I had my second real voice lesson today (excluding the couple I had and quickly stopped when I was about eight-years-old, and do those even count if I remember nothing?). It was terrifying, to say the least. I got there half an hour early because I was so nervous and couldn’t sit at my apartment waiting anymore, so might as well sit outside my teacher’s office for half an hour, right? By the time, we started, I was lightly shaking.
But I went through with it. And I sang. At least one person heard me. I survived. And I want to go back.
I first took a recent voice lesson just before auditioning for the community theatre production of Cabaret. I filmed some of my thoughts about singing and auditioning as part of the #FaceYourFear campaign for OCD Awareness Week. I’ve since done another show, this time a straight play, with the community theatre, but I will be auditioning for another musical next week. Which means I have to sing by myself in front of everyone auditioning, again. Taking a voice lesson before doing this is a huge part of giving me the confidence to even get up on stage and audition.
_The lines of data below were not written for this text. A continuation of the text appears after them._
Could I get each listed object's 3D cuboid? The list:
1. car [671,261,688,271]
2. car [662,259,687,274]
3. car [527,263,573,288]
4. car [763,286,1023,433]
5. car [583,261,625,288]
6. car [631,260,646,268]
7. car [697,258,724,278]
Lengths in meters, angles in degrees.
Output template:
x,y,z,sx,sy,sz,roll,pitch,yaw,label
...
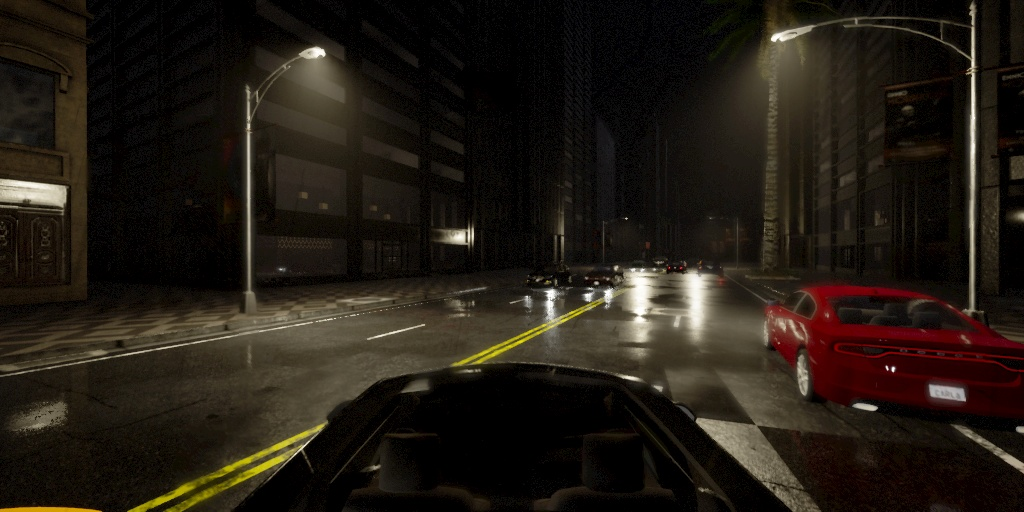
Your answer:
x,y,z,sx,sy,sz,roll,pitch,yaw,label
23.507,1.379,50.214,1.895,1.301,4.718,0,0,27,car
18.625,1.315,40.713,2.033,1.411,5.357,0,0,27,car
2.667,1.259,24.317,1.837,1.490,4.892,0,0,27,car
5.511,1.228,5.807,1.882,1.535,5.008,0,0,27,car
6.445,1.303,24.560,2.033,1.411,5.357,0,0,27,car
21.612,1.390,61.080,1.895,1.301,4.718,0,0,28,car
19.269,1.116,34.891,2.097,1.767,4.553,0,0,27,car
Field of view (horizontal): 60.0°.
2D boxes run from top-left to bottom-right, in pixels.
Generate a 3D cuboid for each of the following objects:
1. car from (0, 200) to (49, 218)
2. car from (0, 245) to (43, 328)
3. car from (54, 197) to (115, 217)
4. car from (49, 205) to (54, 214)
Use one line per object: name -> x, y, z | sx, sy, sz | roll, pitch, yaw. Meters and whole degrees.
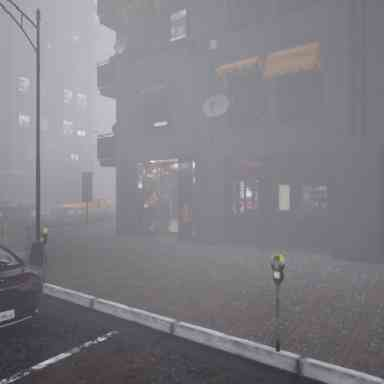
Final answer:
car -> -14.033, 1.350, 26.064 | 2.008, 1.369, 4.403 | 1, 1, 35
car -> -4.465, 1.551, 6.056 | 4.403, 1.369, 2.008 | 0, 0, 35
car -> -8.953, 1.205, 28.841 | 1.882, 1.535, 5.008 | 0, 1, 35
car -> -10.944, 1.250, 30.490 | 1.752, 1.417, 4.829 | 1, 1, 35
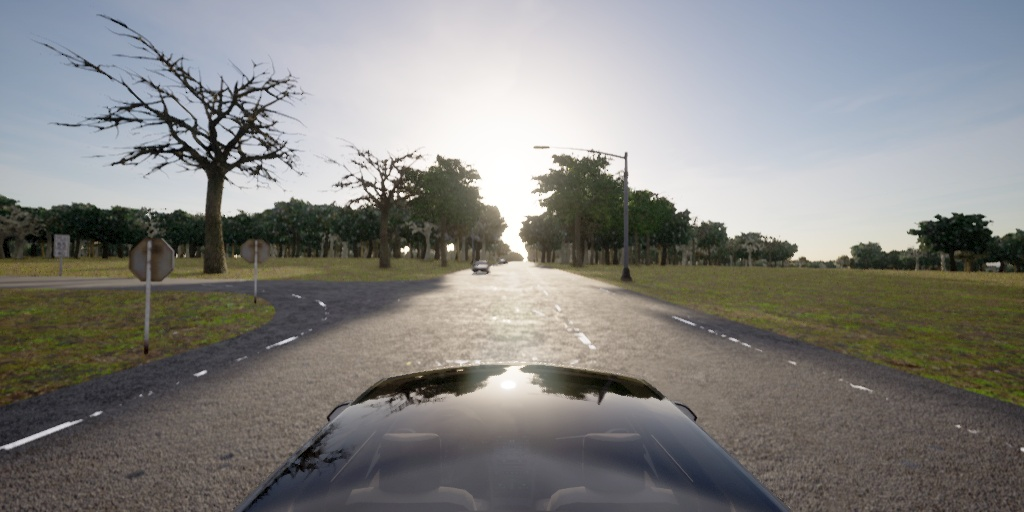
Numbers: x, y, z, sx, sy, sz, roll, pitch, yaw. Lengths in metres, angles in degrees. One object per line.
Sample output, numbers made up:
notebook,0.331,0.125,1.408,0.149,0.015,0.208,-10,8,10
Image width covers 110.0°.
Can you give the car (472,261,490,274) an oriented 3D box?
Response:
car,-3.546,1.280,41.663,2.033,1.411,5.357,0,0,0
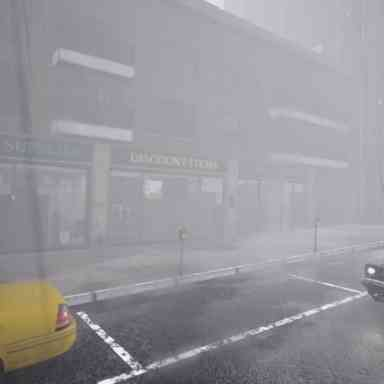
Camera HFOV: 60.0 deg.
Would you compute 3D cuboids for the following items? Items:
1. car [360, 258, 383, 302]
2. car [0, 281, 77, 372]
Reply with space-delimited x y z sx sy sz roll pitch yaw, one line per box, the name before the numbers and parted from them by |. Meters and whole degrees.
car | 5.621 1.609 7.086 4.718 1.301 1.895 0 0 -36
car | -3.764 1.525 3.386 4.829 1.417 1.752 0 2 -35
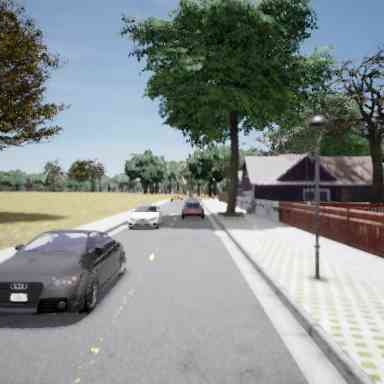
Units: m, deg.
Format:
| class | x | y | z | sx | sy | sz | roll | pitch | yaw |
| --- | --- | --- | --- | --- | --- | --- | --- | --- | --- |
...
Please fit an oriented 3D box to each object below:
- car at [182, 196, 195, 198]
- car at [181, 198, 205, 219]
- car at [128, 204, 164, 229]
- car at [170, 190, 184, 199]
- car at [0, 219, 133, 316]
| class | x | y | z | sx | sy | sz | roll | pitch | yaw |
| --- | --- | --- | --- | --- | --- | --- | --- | --- | --- |
| car | 0.061 | 1.421 | 40.874 | 1.837 | 1.490 | 4.892 | 0 | 1 | 0 |
| car | 0.095 | 1.520 | 29.022 | 1.994 | 1.385 | 4.181 | 0 | 0 | 1 |
| car | -2.853 | 1.501 | 21.471 | 1.812 | 1.442 | 4.674 | 0 | 1 | 1 |
| car | -2.756 | 0.693 | 61.578 | 2.150 | 2.045 | 5.566 | 0 | 0 | 0 |
| car | -2.830 | 1.558 | 7.514 | 1.994 | 1.385 | 4.181 | 0 | 0 | 1 |
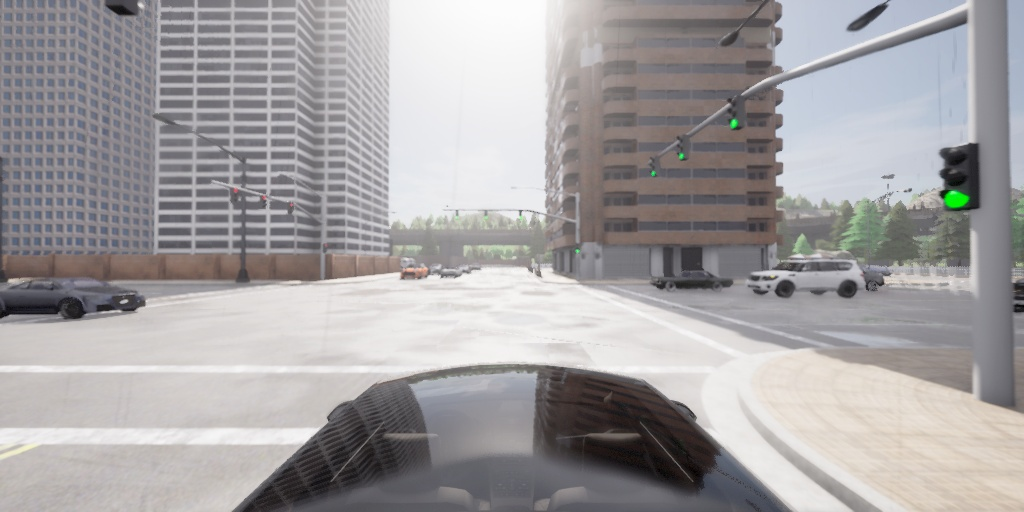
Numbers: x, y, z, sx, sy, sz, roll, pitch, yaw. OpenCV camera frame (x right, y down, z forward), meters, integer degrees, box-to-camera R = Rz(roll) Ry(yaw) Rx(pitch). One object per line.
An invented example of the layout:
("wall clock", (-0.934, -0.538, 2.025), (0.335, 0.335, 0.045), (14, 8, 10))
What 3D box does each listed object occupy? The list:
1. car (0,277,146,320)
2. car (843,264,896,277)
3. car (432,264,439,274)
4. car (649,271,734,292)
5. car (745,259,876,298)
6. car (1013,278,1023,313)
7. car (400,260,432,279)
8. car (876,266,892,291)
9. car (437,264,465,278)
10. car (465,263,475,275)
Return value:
("car", (-15.997, 1.463, 12.961), (4.181, 1.385, 1.994), (0, -1, 0))
("car", (43.818, 1.775, 44.142), (1.812, 1.442, 4.674), (0, 0, 0))
("car", (-10.589, 1.879, 50.183), (2.128, 1.511, 4.902), (0, -1, 0))
("car", (11.581, 1.636, 23.438), (4.718, 1.301, 1.895), (0, -1, 2))
("car", (16.143, 1.209, 19.882), (5.566, 2.045, 2.150), (0, -1, 0))
("car", (20.511, 1.400, 12.768), (4.892, 1.490, 1.837), (0, -1, 0))
("car", (-10.588, 1.593, 39.094), (2.097, 1.767, 4.553), (0, -1, 0))
("car", (21.166, 1.523, 23.321), (4.902, 1.511, 2.128), (0, -1, 1))
("car", (-7.081, 1.880, 41.953), (1.895, 1.301, 4.718), (0, -1, 0))
("car", (-7.084, 1.969, 52.827), (2.033, 1.411, 5.357), (0, -1, 0))
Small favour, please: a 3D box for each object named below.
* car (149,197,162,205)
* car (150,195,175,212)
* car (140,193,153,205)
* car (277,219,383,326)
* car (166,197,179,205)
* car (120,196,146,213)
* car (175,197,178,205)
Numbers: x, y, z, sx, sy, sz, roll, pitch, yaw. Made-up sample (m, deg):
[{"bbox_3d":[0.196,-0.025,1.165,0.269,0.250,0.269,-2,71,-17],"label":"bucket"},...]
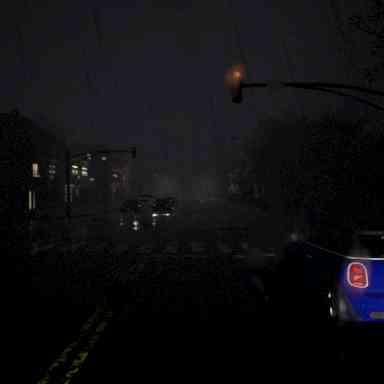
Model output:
[{"bbox_3d":[-6.711,1.557,61.419,1.994,1.385,4.181,0,0,0],"label":"car"},{"bbox_3d":[-3.406,1.472,38.996,1.882,1.535,5.008,0,0,0],"label":"car"},{"bbox_3d":[-6.691,1.216,48.665,2.150,2.045,5.566,0,0,0],"label":"car"},{"bbox_3d":[3.346,1.351,7.218,2.097,1.767,4.553,0,0,0],"label":"car"},{"bbox_3d":[-3.467,1.556,59.258,1.994,1.385,4.181,0,0,0],"label":"car"},{"bbox_3d":[-6.667,1.520,37.170,1.812,1.442,4.674,0,0,1],"label":"car"},{"bbox_3d":[-3.440,1.499,49.270,1.837,1.490,4.892,0,0,0],"label":"car"}]
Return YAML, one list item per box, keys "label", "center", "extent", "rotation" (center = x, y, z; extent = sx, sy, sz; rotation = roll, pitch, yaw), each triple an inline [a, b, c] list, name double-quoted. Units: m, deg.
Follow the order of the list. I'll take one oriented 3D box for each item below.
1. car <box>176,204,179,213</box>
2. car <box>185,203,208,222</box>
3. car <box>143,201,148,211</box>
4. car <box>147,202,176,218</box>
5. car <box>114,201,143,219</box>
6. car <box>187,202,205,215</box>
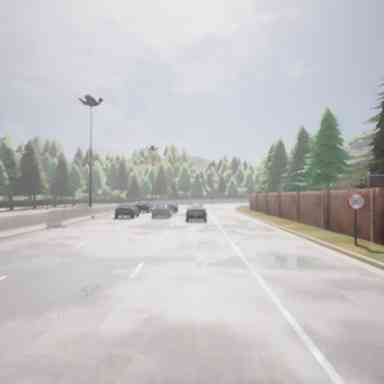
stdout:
- label: "car"
  center: [-2.901, 2.041, 45.439]
  extent: [1.812, 1.442, 4.674]
  rotation: [0, -1, 2]
- label: "car"
  center: [0.398, 1.840, 30.377]
  extent: [2.128, 1.511, 4.902]
  rotation: [0, -1, 1]
- label: "car"
  center: [-6.437, 2.007, 44.618]
  extent: [1.837, 1.490, 4.892]
  rotation: [0, 0, 2]
- label: "car"
  center: [-3.078, 1.939, 34.632]
  extent: [2.033, 1.411, 5.357]
  rotation: [0, -1, 1]
- label: "car"
  center: [-6.588, 1.885, 33.980]
  extent: [1.837, 1.490, 4.892]
  rotation: [0, -1, 1]
- label: "car"
  center: [0.520, 2.021, 41.399]
  extent: [2.033, 1.411, 5.357]
  rotation: [0, -1, 1]
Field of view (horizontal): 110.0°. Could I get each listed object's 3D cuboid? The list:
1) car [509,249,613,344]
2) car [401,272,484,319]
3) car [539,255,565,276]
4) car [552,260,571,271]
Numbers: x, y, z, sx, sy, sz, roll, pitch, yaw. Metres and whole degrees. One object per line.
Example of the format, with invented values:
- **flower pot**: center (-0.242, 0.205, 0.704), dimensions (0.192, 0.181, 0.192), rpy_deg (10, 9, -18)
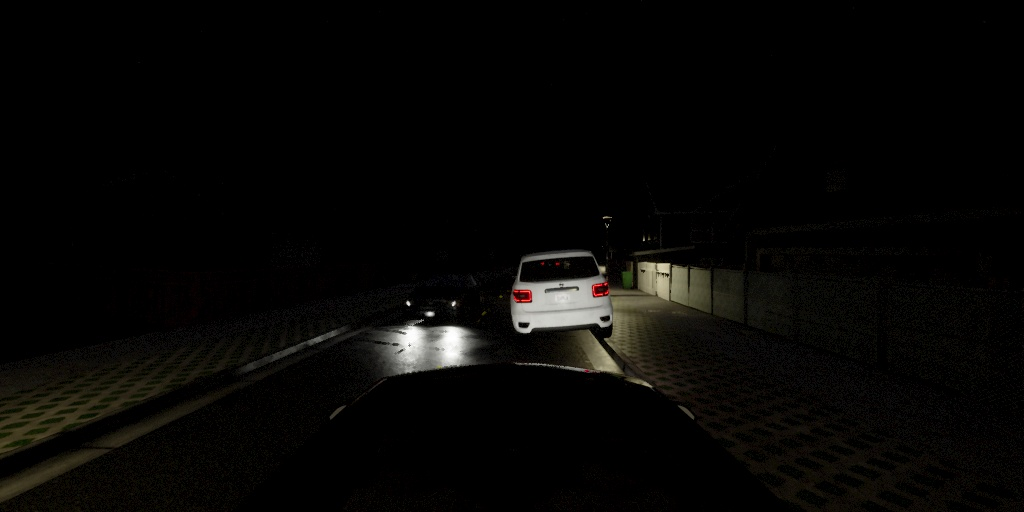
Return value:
- **car**: center (1.137, 0.898, 9.638), dimensions (2.150, 2.045, 5.566), rpy_deg (-5, 0, 3)
- **car**: center (-2.199, 1.293, 13.023), dimensions (2.033, 1.411, 5.357), rpy_deg (0, 0, 4)
- **car**: center (4.363, 0.973, 38.549), dimensions (2.150, 2.045, 5.566), rpy_deg (0, 0, 13)
- **car**: center (6.857, 1.284, 48.942), dimensions (1.812, 1.442, 4.674), rpy_deg (0, 0, 17)
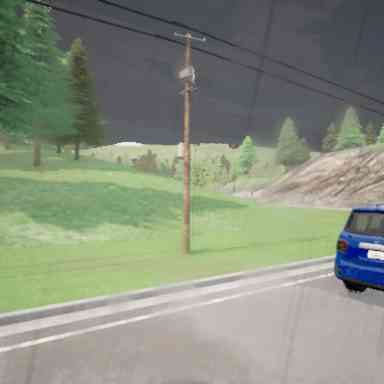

Yet, I’m starting to want to make voice lessons a more frequent project then just once right before I have an audition. I’ve danced my entire life, for over twenty years since I was three. I love musical theatre and participating in community theatre shows. But not knowing technique of how to properly sing, and not having the confidence to really be heard singing, is holding me back. I want to work on that.
I filmed myself singing both before and after the voice lesson, and there is an audible difference. I still have a ways to go, but that kind of progress is addicting. I want to keep putting myself outside my comfort zone, and I want to get better at singing.
Let’s not skip over just how scared I was before and during the lesson though. At one point, the voice teacher asked what I was thinking, and I explained that it was a pretty solid, “Ahhhhhhh,” for the entire hour. My hands shook, as I held them firmly to try to keep them still. I couldn’t make much eye contact with her while singing. I thought of and panicked at the fact that anyone in the hallway could probably hear me. Yet, I kept singing.
And sometimes, it actually sounded good. I could hear a difference as we worked on throat shape and firmness. I played the trumpet for eight years, and in all those lessons I never heard such quick progress. It was encouraging. Still, my voice often wavered and squeaked. I asked the voice teacher why my voice sometimes squeaked, and she explained that it was largely a lack of committing to it vocally. I had one foot in the water and one foot still on dry land. This made my vocal cords shake, mimicking my shaking hands, and the fear came through in how I sounded. The very next exercise I doubled my commitment, and it sounded better again. “We are going to sing whether or not you like it!” I said jokingly to my vocal cords, slamming down my foot.
Normally, when we think of doing things that are anxiety-provoking we think of them as purely negative experiences. That was not the case with today’s voice lesson. Sure, I was anxious. I had to take a nap when I got home, the anxiety was so exhausting. But I also had fun pushing myself to continue smashing my comfort zone. I had fun working on learning a new skill. I had fun being imperfect. Dare I say it, but anxiety can be fun.